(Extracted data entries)
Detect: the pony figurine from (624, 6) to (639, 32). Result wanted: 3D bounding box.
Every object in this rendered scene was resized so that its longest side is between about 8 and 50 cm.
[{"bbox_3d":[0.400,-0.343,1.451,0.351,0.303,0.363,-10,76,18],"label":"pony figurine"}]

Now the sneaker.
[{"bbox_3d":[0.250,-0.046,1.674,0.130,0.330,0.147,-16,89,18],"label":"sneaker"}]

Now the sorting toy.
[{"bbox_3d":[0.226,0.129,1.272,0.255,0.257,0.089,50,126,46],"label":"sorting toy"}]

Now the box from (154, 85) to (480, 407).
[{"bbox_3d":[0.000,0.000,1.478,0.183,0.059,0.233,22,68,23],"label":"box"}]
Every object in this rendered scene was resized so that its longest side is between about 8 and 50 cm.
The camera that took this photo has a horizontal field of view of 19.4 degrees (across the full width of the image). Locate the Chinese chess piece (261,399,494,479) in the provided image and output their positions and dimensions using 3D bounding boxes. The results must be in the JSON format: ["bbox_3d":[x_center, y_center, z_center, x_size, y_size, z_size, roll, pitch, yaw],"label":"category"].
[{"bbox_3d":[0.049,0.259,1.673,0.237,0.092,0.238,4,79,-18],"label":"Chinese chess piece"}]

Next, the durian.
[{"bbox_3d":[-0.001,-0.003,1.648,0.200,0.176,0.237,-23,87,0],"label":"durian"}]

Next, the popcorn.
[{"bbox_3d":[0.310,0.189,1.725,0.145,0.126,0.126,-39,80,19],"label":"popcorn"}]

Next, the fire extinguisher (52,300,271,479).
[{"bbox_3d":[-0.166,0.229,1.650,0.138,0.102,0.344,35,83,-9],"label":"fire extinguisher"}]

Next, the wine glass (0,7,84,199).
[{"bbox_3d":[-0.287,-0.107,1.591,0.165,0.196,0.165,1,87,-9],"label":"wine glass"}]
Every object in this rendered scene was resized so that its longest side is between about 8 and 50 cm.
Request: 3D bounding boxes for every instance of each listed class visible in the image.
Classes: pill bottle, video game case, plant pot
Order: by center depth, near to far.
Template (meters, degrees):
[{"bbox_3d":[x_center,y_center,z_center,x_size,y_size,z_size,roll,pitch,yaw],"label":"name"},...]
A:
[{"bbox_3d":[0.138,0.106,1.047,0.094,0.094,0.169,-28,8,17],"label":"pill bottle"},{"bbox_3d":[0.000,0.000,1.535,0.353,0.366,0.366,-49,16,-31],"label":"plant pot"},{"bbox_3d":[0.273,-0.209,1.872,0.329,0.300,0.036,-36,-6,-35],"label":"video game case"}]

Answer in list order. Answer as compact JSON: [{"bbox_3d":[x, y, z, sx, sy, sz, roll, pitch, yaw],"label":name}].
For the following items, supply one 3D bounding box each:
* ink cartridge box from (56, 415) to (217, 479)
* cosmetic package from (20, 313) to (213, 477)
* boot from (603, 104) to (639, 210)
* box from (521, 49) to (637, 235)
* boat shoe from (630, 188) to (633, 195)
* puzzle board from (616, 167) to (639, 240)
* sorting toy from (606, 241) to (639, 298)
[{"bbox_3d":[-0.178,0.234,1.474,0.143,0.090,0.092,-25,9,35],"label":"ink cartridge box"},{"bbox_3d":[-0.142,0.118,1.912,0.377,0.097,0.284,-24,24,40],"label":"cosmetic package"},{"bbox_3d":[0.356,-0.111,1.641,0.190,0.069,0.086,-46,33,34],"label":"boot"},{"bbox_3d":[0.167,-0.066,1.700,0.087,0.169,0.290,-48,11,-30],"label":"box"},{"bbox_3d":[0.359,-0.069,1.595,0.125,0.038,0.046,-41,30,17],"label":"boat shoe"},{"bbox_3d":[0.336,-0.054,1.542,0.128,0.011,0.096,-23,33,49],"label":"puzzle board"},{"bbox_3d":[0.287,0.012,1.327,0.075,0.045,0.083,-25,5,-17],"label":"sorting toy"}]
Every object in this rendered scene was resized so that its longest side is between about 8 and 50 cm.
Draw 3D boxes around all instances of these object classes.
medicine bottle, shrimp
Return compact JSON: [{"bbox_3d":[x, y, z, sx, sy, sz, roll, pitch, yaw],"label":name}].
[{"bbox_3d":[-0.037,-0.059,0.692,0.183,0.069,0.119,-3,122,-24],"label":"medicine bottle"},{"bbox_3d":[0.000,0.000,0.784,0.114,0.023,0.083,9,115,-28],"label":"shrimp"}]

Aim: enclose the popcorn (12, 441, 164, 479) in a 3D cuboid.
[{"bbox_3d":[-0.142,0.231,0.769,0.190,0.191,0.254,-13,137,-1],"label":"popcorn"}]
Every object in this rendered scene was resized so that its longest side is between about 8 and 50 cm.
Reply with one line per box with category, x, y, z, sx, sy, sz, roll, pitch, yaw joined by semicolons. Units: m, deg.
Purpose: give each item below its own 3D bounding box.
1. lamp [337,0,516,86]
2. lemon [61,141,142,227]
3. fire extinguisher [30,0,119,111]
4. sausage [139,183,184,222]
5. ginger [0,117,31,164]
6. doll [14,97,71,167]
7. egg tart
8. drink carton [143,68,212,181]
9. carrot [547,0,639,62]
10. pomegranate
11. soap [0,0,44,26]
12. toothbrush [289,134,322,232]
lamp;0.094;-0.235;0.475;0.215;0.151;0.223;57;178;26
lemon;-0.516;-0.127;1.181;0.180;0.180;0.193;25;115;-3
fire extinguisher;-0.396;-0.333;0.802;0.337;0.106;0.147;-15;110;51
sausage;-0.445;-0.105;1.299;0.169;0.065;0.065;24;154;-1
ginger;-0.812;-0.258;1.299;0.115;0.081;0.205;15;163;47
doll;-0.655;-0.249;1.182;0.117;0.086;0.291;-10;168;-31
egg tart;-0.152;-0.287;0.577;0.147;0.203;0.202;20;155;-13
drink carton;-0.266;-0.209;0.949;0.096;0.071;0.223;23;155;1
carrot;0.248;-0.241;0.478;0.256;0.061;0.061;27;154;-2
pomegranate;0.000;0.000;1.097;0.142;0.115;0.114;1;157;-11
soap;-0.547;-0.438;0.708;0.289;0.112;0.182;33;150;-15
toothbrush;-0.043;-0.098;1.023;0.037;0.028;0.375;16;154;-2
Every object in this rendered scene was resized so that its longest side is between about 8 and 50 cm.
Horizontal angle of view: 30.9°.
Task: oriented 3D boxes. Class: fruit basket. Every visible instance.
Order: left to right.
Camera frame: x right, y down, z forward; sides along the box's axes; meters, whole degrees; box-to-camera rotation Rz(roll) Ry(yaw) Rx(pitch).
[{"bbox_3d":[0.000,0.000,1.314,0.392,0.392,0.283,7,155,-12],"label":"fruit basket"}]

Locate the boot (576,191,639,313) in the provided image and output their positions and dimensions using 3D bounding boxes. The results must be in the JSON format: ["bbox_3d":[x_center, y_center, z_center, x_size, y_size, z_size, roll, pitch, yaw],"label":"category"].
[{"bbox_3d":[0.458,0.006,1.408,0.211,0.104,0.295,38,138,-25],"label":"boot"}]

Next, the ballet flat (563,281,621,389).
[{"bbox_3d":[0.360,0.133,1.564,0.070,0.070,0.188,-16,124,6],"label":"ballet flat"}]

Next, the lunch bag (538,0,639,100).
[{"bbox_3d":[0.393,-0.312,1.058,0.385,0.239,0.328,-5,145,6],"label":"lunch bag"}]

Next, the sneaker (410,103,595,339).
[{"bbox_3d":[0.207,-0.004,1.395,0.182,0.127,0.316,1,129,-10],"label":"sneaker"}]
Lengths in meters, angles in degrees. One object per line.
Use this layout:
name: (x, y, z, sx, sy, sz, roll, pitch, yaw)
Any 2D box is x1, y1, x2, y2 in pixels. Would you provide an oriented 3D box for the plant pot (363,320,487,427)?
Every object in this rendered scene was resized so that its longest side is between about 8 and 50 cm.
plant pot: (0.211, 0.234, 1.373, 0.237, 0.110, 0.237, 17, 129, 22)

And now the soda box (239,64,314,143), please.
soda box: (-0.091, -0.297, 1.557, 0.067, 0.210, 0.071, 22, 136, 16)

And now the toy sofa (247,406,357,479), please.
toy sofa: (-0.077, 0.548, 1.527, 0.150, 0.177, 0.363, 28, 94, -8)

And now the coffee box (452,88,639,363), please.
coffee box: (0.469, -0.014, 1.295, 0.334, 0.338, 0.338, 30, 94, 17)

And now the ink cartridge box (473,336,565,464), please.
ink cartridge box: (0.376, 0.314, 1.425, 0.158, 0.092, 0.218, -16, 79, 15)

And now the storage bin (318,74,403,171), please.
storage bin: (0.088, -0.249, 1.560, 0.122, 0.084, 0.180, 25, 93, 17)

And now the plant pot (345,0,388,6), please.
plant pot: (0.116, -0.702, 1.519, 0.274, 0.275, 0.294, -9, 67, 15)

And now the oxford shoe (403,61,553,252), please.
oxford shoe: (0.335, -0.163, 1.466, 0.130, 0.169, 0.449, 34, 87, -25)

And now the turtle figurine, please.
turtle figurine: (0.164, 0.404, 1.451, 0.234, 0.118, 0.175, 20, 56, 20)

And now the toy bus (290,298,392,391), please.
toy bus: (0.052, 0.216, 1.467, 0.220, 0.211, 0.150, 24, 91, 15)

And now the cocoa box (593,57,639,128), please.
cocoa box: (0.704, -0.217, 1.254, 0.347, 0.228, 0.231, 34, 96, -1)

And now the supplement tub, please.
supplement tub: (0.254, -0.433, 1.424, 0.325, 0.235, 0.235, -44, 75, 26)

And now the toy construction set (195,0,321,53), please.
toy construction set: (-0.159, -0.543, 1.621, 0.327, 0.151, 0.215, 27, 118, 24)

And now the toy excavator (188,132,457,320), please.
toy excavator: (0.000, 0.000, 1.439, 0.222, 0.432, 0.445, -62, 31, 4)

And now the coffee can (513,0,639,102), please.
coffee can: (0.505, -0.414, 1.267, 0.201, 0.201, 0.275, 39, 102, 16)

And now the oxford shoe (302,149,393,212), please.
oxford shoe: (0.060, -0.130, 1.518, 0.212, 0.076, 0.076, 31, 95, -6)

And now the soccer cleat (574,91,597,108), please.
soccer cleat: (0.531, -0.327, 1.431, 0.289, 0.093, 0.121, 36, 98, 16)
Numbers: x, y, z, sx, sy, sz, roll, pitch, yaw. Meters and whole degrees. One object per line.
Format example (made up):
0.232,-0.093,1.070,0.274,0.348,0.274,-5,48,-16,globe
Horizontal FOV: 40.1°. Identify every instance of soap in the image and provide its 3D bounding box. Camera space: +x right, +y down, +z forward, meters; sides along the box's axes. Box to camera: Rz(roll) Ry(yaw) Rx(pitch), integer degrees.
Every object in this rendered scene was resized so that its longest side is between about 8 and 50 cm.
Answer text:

_Work instructions_.
Starting at the line that has "to (217, 479)" and ending at the line that has "to (639, 240)", please write out the lines above exactly, leaving out all others.

_Response area_.
* ink cartridge box from (56, 415) to (217, 479)
* cosmetic package from (20, 313) to (213, 477)
* boot from (603, 104) to (639, 210)
* box from (521, 49) to (637, 235)
* boat shoe from (630, 188) to (633, 195)
* puzzle board from (616, 167) to (639, 240)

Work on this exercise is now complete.